* Directions for this task
Return the full listing, so that each line matches the original exactly.

* Exercise data
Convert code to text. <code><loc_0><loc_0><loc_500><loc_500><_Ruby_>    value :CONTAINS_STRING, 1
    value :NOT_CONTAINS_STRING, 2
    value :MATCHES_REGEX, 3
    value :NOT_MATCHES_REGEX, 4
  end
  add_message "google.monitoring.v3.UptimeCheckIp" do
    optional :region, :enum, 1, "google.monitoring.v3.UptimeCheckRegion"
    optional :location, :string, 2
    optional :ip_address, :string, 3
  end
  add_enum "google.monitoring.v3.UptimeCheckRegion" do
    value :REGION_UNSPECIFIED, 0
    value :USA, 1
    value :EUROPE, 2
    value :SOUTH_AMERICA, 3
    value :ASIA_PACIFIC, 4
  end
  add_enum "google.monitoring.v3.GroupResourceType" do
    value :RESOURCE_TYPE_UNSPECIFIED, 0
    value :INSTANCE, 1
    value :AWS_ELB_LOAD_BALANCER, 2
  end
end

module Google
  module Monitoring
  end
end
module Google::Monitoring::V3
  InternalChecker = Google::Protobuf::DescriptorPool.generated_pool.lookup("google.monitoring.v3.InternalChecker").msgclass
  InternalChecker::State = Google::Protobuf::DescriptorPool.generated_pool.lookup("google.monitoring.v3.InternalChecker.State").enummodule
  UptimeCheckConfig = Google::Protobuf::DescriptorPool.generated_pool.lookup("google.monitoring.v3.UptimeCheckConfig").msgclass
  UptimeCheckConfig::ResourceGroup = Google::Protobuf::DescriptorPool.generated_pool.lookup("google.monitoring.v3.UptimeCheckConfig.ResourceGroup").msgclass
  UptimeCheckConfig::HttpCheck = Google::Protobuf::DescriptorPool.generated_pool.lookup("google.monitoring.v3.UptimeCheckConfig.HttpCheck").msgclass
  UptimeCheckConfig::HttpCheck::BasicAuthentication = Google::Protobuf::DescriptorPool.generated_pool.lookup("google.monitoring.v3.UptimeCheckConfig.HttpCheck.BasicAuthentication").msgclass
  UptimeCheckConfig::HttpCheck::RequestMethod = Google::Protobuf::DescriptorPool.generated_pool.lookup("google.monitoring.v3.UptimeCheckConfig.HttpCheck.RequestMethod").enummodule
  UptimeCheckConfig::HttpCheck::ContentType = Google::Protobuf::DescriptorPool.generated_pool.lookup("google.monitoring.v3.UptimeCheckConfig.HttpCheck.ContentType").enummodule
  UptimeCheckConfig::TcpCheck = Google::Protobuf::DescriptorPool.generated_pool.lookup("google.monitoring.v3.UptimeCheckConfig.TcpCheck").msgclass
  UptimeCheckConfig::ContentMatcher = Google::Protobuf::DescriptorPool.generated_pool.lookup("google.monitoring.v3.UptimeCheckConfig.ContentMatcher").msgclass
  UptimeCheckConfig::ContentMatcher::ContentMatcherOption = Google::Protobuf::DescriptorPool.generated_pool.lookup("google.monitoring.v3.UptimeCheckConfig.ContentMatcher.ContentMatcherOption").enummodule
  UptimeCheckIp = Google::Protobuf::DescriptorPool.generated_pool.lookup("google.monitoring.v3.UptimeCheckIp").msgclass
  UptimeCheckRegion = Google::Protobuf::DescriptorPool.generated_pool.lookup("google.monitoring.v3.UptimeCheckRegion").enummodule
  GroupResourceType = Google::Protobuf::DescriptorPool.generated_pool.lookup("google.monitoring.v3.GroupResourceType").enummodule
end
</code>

* Completed exercise
Convert code to text. <code><loc_0><loc_0><loc_500><loc_500><_Ruby_>    value :CONTAINS_STRING, 1
    value :NOT_CONTAINS_STRING, 2
    value :MATCHES_REGEX, 3
    value :NOT_MATCHES_REGEX, 4
  end
  add_message "google.monitoring.v3.UptimeCheckIp" do
    optional :region, :enum, 1, "google.monitoring.v3.UptimeCheckRegion"
    optional :location, :string, 2
    optional :ip_address, :string, 3
  end
  add_enum "google.monitoring.v3.UptimeCheckRegion" do
    value :REGION_UNSPECIFIED, 0
    value :USA, 1
    value :EUROPE, 2
    value :SOUTH_AMERICA, 3
    value :ASIA_PACIFIC, 4
  end
  add_enum "google.monitoring.v3.GroupResourceType" do
    value :RESOURCE_TYPE_UNSPECIFIED, 0
    value :INSTANCE, 1
    value :AWS_ELB_LOAD_BALANCER, 2
  end
end

module Google
  module Monitoring
  end
end
module Google::Monitoring::V3
  InternalChecker = Google::Protobuf::DescriptorPool.generated_pool.lookup("google.monitoring.v3.InternalChecker").msgclass
  InternalChecker::State = Google::Protobuf::DescriptorPool.generated_pool.lookup("google.monitoring.v3.InternalChecker.State").enummodule
  UptimeCheckConfig = Google::Protobuf::DescriptorPool.generated_pool.lookup("google.monitoring.v3.UptimeCheckConfig").msgclass
  UptimeCheckConfig::ResourceGroup = Google::Protobuf::DescriptorPool.generated_pool.lookup("google.monitoring.v3.UptimeCheckConfig.ResourceGroup").msgclass
  UptimeCheckConfig::HttpCheck = Google::Protobuf::DescriptorPool.generated_pool.lookup("google.monitoring.v3.UptimeCheckConfig.HttpCheck").msgclass
  UptimeCheckConfig::HttpCheck::BasicAuthentication = Google::Protobuf::DescriptorPool.generated_pool.lookup("google.monitoring.v3.UptimeCheckConfig.HttpCheck.BasicAuthentication").msgclass
  UptimeCheckConfig::HttpCheck::RequestMethod = Google::Protobuf::DescriptorPool.generated_pool.lookup("google.monitoring.v3.UptimeCheckConfig.HttpCheck.RequestMethod").enummodule
  UptimeCheckConfig::HttpCheck::ContentType = Google::Protobuf::DescriptorPool.generated_pool.lookup("google.monitoring.v3.UptimeCheckConfig.HttpCheck.ContentType").enummodule
  UptimeCheckConfig::TcpCheck = Google::Protobuf::DescriptorPool.generated_pool.lookup("google.monitoring.v3.UptimeCheckConfig.TcpCheck").msgclass
  UptimeCheckConfig::ContentMatcher = Google::Protobuf::DescriptorPool.generated_pool.lookup("google.monitoring.v3.UptimeCheckConfig.ContentMatcher").msgclass
  UptimeCheckConfig::ContentMatcher::ContentMatcherOption = Google::Protobuf::DescriptorPool.generated_pool.lookup("google.monitoring.v3.UptimeCheckConfig.ContentMatcher.ContentMatcherOption").enummodule
  UptimeCheckIp = Google::Protobuf::DescriptorPool.generated_pool.lookup("google.monitoring.v3.UptimeCheckIp").msgclass
  UptimeCheckRegion = Google::Protobuf::DescriptorPool.generated_pool.lookup("google.monitoring.v3.UptimeCheckRegion").enummodule
  GroupResourceType = Google::Protobuf::DescriptorPool.generated_pool.lookup("google.monitoring.v3.GroupResourceType").enummodule
end
</code>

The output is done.